Stop filebeat: sudo service filebeat stop

Remove the registry file, where Filebeat remembers where it left off tailing the Apache log. This will make Filebeat start over again: sudo rm /var/lib/filebeat/registry

Delete the data already indexed in Elasticsearch: curl -XDELETE localhost:9200/filebeat*

Start Logstash (On the server): sudo service logstash start

Start Filebeat (On the client): sudo service filebeat start

Now your logs should be indexed again in Elasticsearch, only now they’re structured, and by default, going to the logstash-* indices. Logstash uses a template similar to Filebeat for its own indices, so you don’t have to worry about settings for now.

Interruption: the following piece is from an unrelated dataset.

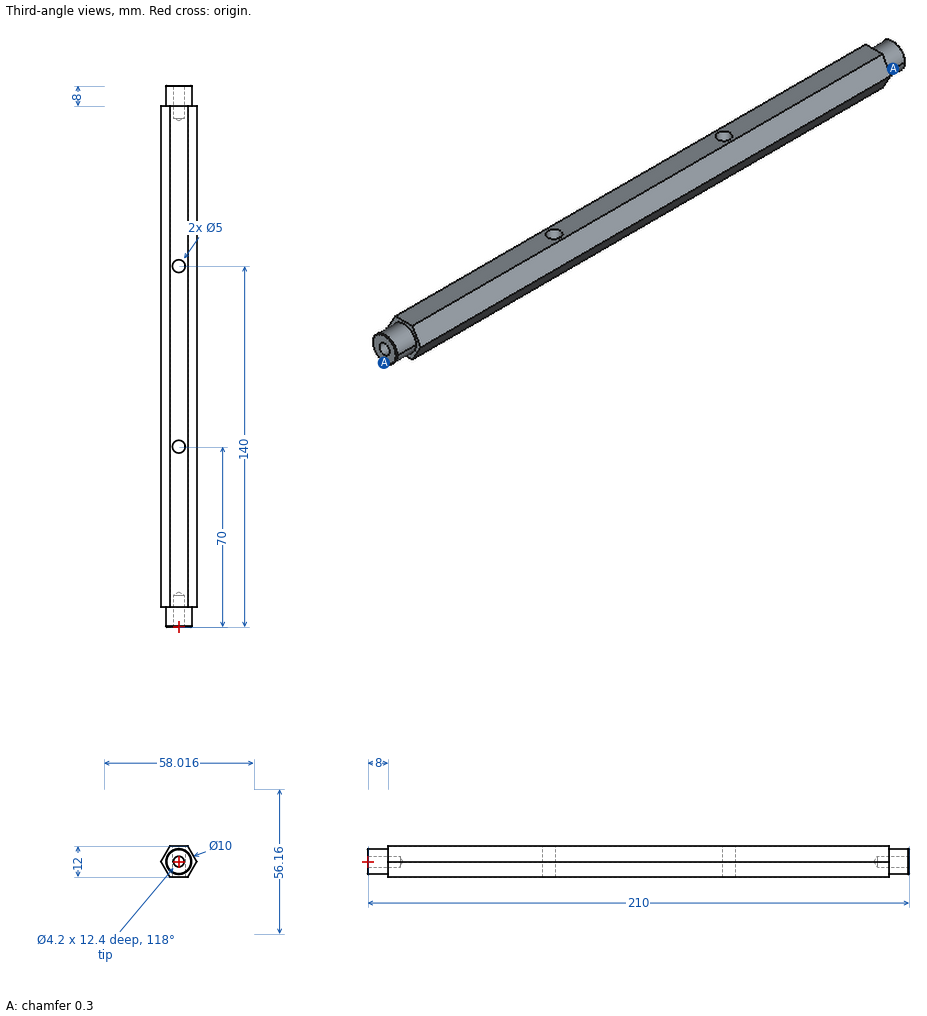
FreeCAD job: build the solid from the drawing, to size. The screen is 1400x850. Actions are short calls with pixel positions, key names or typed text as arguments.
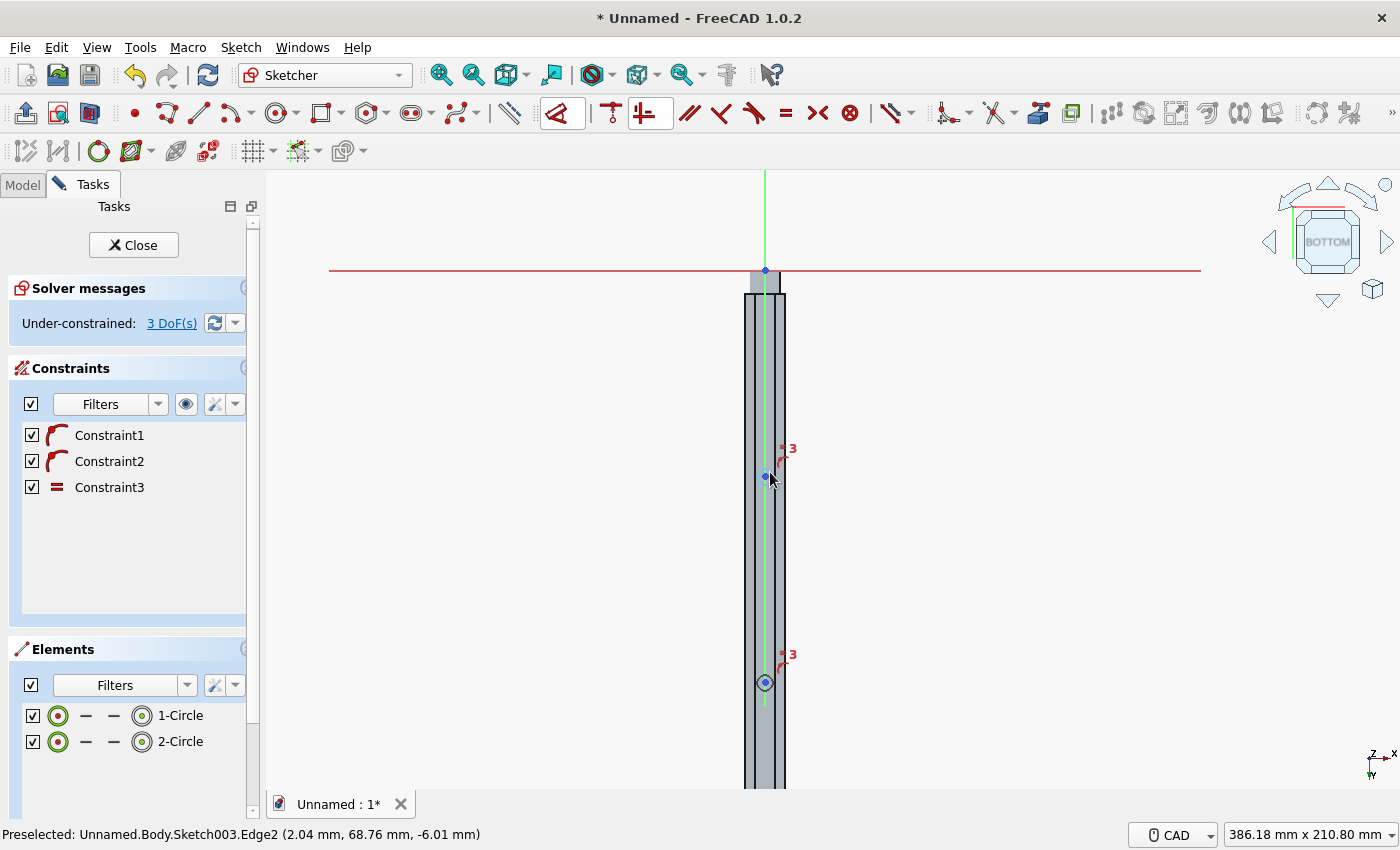
scroll(770, 678, up, 5)

Going back to Kibana, you’d need to point it to the logstash-* (instead of filebeat-*), indices by adding a new index pattern under the Settings tab. You’ll probably also want to set it to default:

Because the Apache logs are now structured, you can search in specific fields, like the response field:

You can also build visualizations that allow you to see the breakdown of responses over time:

As a final note I would recommend monitoring the load of the Elastic Stack environment as growing indexes require more resources. This is achieved by adding more servers into the cluster. This also improves fault tolerance and adding new servers into the cluster require some minor changes to the elasticsearch.yml file so that the nodes know about each other and can form a cluster.

You’ll need at least three nodes in production, so that if one is unreachable, the others can still form a quorum. To define what the quorum size should be to, set discovery.zen.minimum_master_nodes to NUMBER_OF_NODES/2+1. Finally, you can make Elasticsearch listen to an outside interface (instead of the default localhost) via, allowing you to separate Filebeat, Logstash, Elasticsearch, and Kibana, and your browser, to separate machines.